The Best Day of the Year – Probably

Third Man is about his cottage early this morning moving the clocks forward.  There is a spring in his feet.  After all these years this day in March remains the best day of the year. Young people everywhere will have an extra hour of daylight to finish their games of cricket tonight.

To the Green beneath Beacon Hill we would go, the Danes, that is Mark left arm slow and Peter the acrobatic ‘keeper, Sam Eddings right hand bat, Bunny Burnell off-spin, Rob Barnard right hand bat, Richard McIlwaine,  right arm rapid and Third Man jack of all trades, to chalk fresh stumps against a wall and start their new season.

But Backwatersman has reminded him  that this is an inaccurate recollection. 

This should have read: To the Green that afternoon strode Sainsbury, Harrison, Marshall, Burden, cousin Barnard, Shackleton, and Livingston.  Hampshire claimed the extra hour to beat Kent despite a fine and inevitable century by Cowdrey.

In Yorkshire and Lancashire streets free of traffic became Headingleys and Old Traffords.  In Guildford, Taunton and Market Harborough odd sets of stumps were pitched or jerseys piled high in parks where matches with sides that fluctuated in numbers from three to thirty three were played until darkness finally settled the score.

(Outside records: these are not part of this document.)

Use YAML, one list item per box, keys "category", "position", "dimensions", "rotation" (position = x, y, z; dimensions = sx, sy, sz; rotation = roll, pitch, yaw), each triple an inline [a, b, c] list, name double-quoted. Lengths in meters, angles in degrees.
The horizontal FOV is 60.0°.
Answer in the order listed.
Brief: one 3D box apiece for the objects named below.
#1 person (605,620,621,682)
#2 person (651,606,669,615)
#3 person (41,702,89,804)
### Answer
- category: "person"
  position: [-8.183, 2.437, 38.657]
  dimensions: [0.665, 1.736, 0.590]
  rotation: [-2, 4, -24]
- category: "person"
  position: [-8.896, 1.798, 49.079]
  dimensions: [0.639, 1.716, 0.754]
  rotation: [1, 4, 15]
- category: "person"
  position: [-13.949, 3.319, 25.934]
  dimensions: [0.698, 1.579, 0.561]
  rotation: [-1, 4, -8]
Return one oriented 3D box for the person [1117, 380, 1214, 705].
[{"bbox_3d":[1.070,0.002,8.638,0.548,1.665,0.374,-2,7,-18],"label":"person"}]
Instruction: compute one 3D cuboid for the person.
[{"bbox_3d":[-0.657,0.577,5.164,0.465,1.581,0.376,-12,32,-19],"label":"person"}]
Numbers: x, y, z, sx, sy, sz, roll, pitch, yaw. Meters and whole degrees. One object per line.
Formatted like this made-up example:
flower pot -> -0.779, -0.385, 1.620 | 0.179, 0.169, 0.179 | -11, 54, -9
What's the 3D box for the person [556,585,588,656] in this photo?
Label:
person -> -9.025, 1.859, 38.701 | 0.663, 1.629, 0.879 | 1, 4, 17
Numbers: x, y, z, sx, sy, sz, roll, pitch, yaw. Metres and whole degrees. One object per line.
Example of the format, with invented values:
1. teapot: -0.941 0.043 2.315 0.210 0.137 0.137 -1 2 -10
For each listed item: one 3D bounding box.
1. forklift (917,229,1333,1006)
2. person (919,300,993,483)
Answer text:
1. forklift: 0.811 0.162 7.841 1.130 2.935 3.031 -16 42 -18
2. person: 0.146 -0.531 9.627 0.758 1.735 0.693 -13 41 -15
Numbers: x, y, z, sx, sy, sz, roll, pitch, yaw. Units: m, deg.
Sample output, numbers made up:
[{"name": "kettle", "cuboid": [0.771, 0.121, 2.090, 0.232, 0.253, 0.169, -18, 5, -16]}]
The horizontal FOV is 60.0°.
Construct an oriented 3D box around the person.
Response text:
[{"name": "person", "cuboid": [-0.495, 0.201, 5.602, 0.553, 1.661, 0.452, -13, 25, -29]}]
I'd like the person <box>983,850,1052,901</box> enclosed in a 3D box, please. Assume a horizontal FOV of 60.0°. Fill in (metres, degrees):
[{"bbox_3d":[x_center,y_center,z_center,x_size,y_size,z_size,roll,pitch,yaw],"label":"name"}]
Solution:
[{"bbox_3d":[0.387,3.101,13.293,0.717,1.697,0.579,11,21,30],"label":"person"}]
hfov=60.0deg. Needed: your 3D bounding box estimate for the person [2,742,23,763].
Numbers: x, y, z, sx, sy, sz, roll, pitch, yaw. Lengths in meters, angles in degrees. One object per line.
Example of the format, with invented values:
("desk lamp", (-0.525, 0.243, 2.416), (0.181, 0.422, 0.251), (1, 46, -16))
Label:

Yes, in the year Twenty10 in Nottingham, Chewton Magna and Hartlepool, Tendulkas will play with Pietersens, Lees with Gibbs, Sangakkaras with Gayles.  The shots will be outrageously daring, the actions suspect, but the game will be the game.

IPL administrators, umpires, players and commentators carry huge responsibilities.  Like it or not the fate of our game is in their hands and it will be the spirit expressed by these wonderful players, facilitated by the administrators and guarded by the umpires; the comradeship, the enjoyment, the mutual respect that they all display over these six long weeks; that will matter.

The signs are good not bad.  The signs would be better were sides to include good players from Pakistan.  

As Yeats commanded, so all lovers of cricket command of them; ‘Tread softly because you tread on our dreams’.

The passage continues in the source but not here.